Top of TASK INPUT

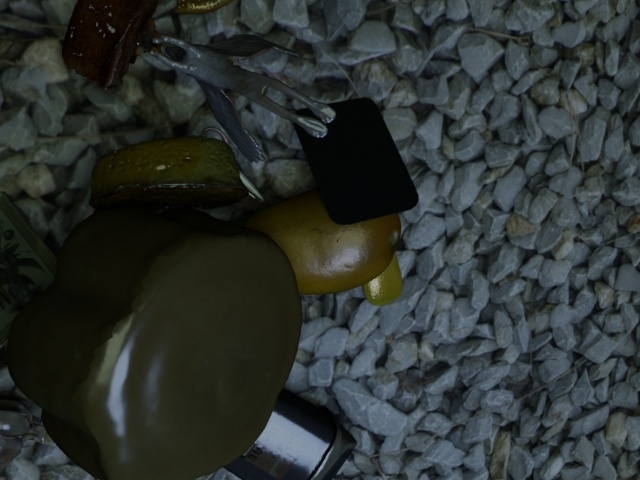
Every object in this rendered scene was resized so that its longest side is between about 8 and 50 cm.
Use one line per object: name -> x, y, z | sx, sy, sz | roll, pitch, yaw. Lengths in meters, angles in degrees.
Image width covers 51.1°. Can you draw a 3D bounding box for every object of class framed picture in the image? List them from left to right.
framed picture -> -0.545, 0.047, 1.138 | 0.173, 0.010, 0.231 | -44, 72, -4

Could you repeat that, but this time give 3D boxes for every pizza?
pizza -> -0.196, -0.476, 1.180 | 0.178, 0.041, 0.131 | -23, 107, -11

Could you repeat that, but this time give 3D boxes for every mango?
mango -> 0.000, 0.000, 1.292 | 0.317, 0.173, 0.211 | -9, 104, -8

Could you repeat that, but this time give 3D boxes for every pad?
pad -> 0.064, -0.156, 1.267 | 0.181, 0.004, 0.267 | -14, 65, -14

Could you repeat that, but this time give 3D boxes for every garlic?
garlic -> -0.574, 0.363, 1.232 | 0.194, 0.127, 0.131 | 37, 87, -41

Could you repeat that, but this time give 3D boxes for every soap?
soap -> 0.125, 0.058, 1.414 | 0.089, 0.033, 0.168 | -18, 107, -15

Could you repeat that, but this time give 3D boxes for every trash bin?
trash bin -> -0.087, 0.408, 1.360 | 0.290, 0.182, 0.209 | 36, 91, -16

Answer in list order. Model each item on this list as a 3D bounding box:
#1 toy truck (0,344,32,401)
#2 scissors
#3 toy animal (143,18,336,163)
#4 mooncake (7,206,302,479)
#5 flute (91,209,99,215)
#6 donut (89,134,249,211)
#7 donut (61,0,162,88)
toy truck -> -0.501, 0.199, 1.200 | 0.165, 0.147, 0.224 | -13, 110, 0
scissors -> -0.173, -0.134, 1.280 | 0.085, 0.022, 0.176 | -45, 108, 1
toy animal -> -0.157, -0.261, 1.116 | 0.302, 0.284, 0.225 | 21, 98, -22
mooncake -> -0.254, 0.169, 1.118 | 0.467, 0.262, 0.467 | -20, 117, -48
flute -> -0.432, 0.050, 1.157 | 0.014, 0.014, 0.269 | 28, 52, -21
donut -> -0.263, -0.113, 1.151 | 0.272, 0.272, 0.107 | -6, 84, -16
donut -> -0.345, -0.369, 1.115 | 0.126, 0.144, 0.186 | 25, 121, -1

Bottom of TASK INPUT

Output these and nothing else: the lines from the one holding "for every garlic?" through the final line of the entries above, exactly as they appear.

Could you repeat that, but this time give 3D boxes for every garlic?
garlic -> -0.574, 0.363, 1.232 | 0.194, 0.127, 0.131 | 37, 87, -41

Could you repeat that, but this time give 3D boxes for every soap?
soap -> 0.125, 0.058, 1.414 | 0.089, 0.033, 0.168 | -18, 107, -15

Could you repeat that, but this time give 3D boxes for every trash bin?
trash bin -> -0.087, 0.408, 1.360 | 0.290, 0.182, 0.209 | 36, 91, -16

Answer in list order. Model each item on this list as a 3D bounding box:
#1 toy truck (0,344,32,401)
#2 scissors
#3 toy animal (143,18,336,163)
#4 mooncake (7,206,302,479)
#5 flute (91,209,99,215)
#6 donut (89,134,249,211)
#7 donut (61,0,162,88)
toy truck -> -0.501, 0.199, 1.200 | 0.165, 0.147, 0.224 | -13, 110, 0
scissors -> -0.173, -0.134, 1.280 | 0.085, 0.022, 0.176 | -45, 108, 1
toy animal -> -0.157, -0.261, 1.116 | 0.302, 0.284, 0.225 | 21, 98, -22
mooncake -> -0.254, 0.169, 1.118 | 0.467, 0.262, 0.467 | -20, 117, -48
flute -> -0.432, 0.050, 1.157 | 0.014, 0.014, 0.269 | 28, 52, -21
donut -> -0.263, -0.113, 1.151 | 0.272, 0.272, 0.107 | -6, 84, -16
donut -> -0.345, -0.369, 1.115 | 0.126, 0.144, 0.186 | 25, 121, -1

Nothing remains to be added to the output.